On May 7th, 2019, second-year PhD student Matteo Neri presented his project, "Effect of interaction bias on spreading dynamics over networks".

His motivation comes from the interaction bias observed in online social networks. Nowadays, the majority of the news and information we consume comes from online platforms, where they are selectively displayed by algorithms designed to maximize our use of the platform. That means that the posts that are shown to us are chosen based on the attributes the algorithms assign to us. The posts from our friends and contacts who are more similar to us have a higher probability of being shown on the news feed. Similarly, contents similar to what we have already rated positively have a higher probability of being shown. Therefore, we most of the time come in contact only with posts that correspond to our own opinion and taste. This is called intrinsic bias, and reinforces the effects of homophily (i.e. the tendency to connect to people that are similar to ourselves), which is naturally present in social networks. 

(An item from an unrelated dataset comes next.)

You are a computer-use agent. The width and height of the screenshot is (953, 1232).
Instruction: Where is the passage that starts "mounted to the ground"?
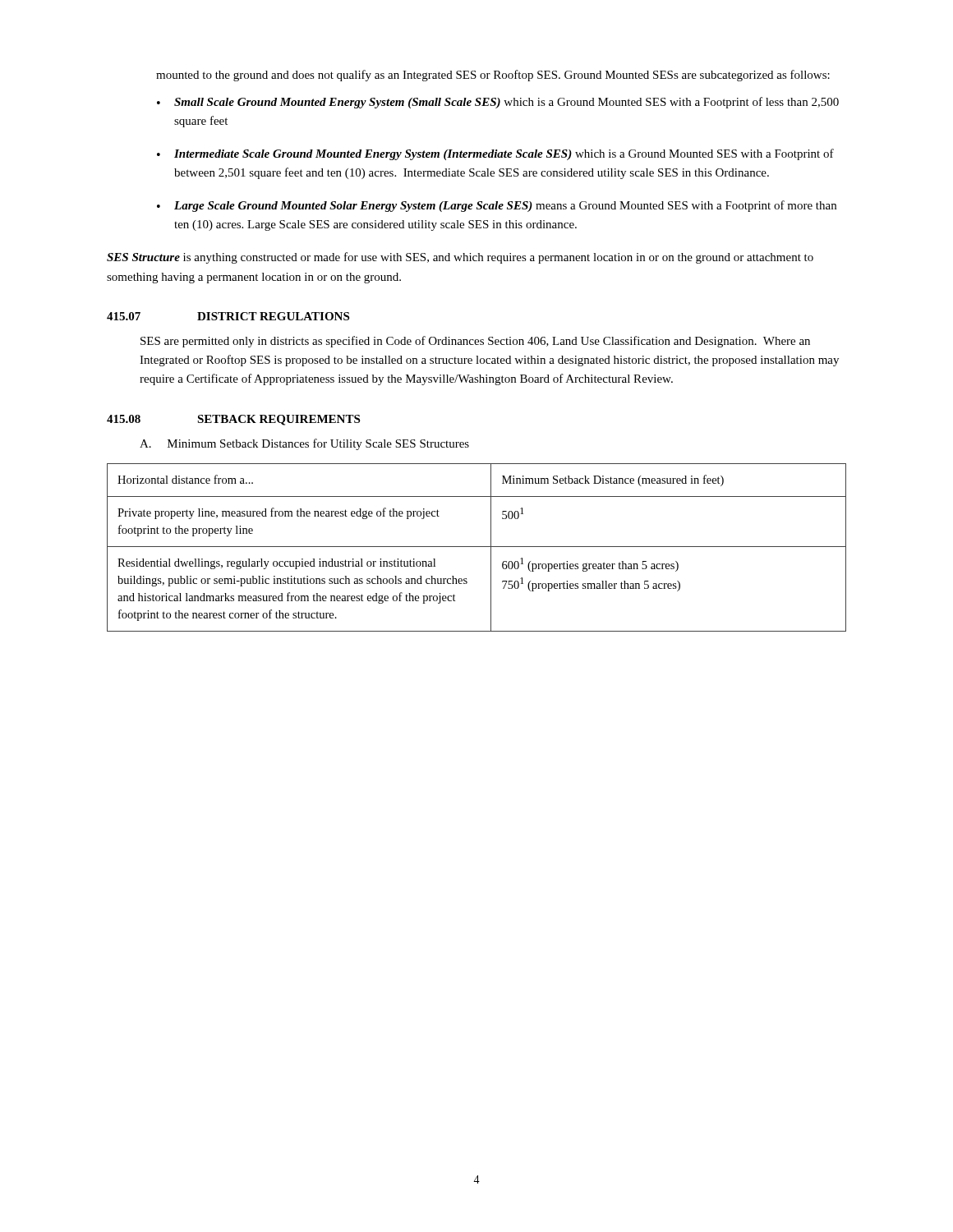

Matteo is interested in generalizing the concept of bias on dynamic processes on networks, and studying the effects of bias independently of the process itself. For that, he started from an existing framework for binary-state dynamics on networks, the AME. This approach is applied to cases where each node on the network can have two states. Then, it describes the way in which node states change over time, using two quantities: the infection rate, and the recovery rate. These are related to the number of neighbors of each node, and the number of infected nodes. He looked at two models:

1) the voter model, where each node changes its state (or opinion) whenever it comes in contact with a node of different opinion; and

2) the majority vote model, in which a node changes its state depending on which state is represented by the majority of its neighbors, according to a certain probability. In general, we expect that, after a certain time, whatever state or opinion was held by the majority at the beginning will spread to the whole network.

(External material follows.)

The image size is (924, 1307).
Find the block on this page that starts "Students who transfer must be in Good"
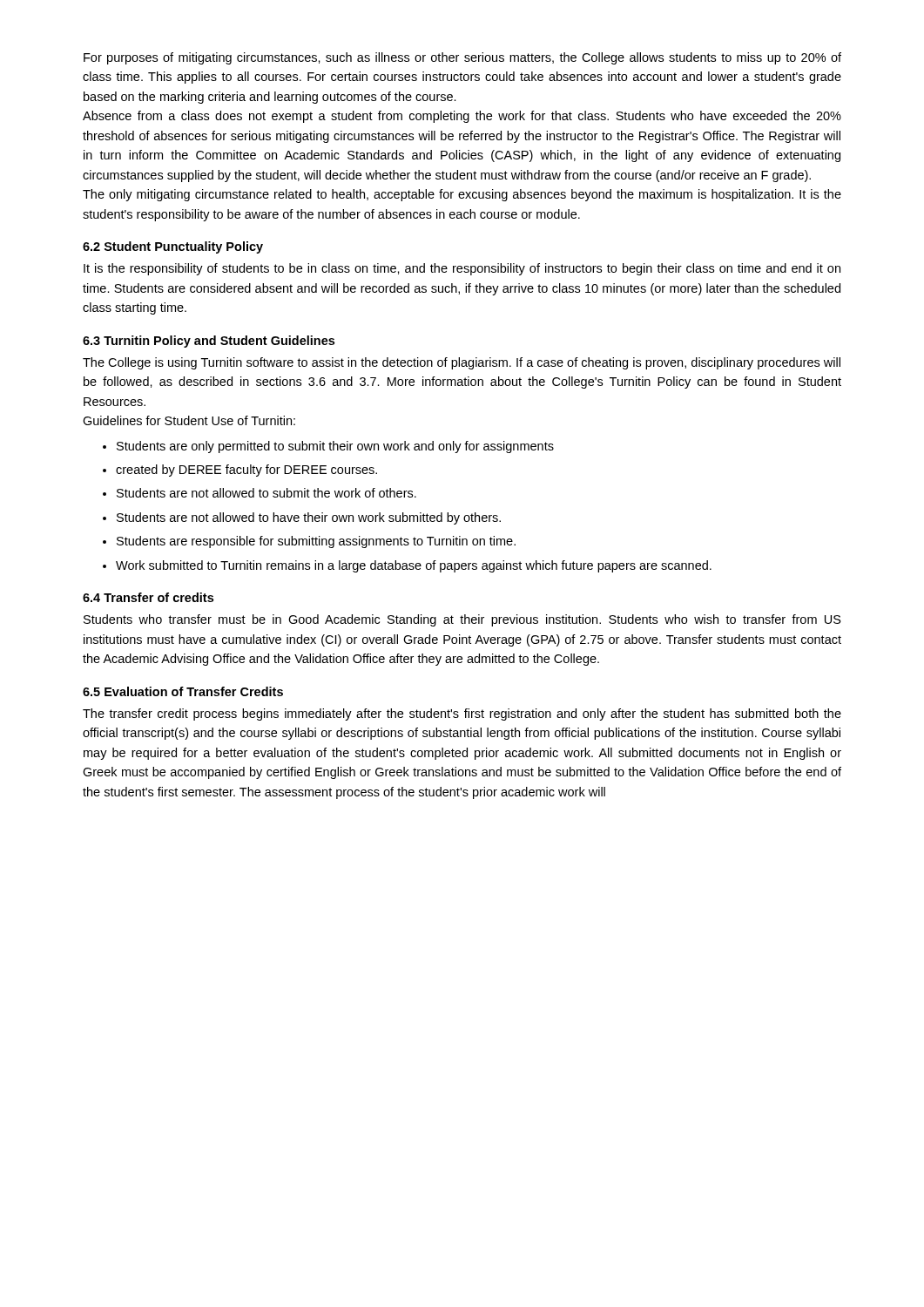[x=462, y=640]

To this existing framework, Matteo added a formulation of bias, in order to study its effect. The bias was defined as a probability b that a node would disregard each one of its neighbors who have an opinion different from itself. The probability of each neighbor being selected is as shown in figure (a). If bias is zero, all neighbors are treated equally (b). If bias is one, any neighbor with a different state is excluded with probability 100% (c). In the voter mode, adding bias did not have any major effects; it only accelerated the dynamics. But in the majority vote model, he observed something quite interesting: when the bias was strong enough, the majority opinion did not take over the whole network. Instead, two parties with different opinions were formed, and persisted indefinitely. In a social network, this illustrates the fact that, when there is strong bias, the different actors in the network are so limited to contact with alters that share the same opinion with them, that they may not even be aware of the majority opinion, and as result they do not conform to it.

In the next phase of his project, Matteo is testing some additional types of models, looking at the influence of network structure in the bias effect, and considering AMEs on top of the dynamics.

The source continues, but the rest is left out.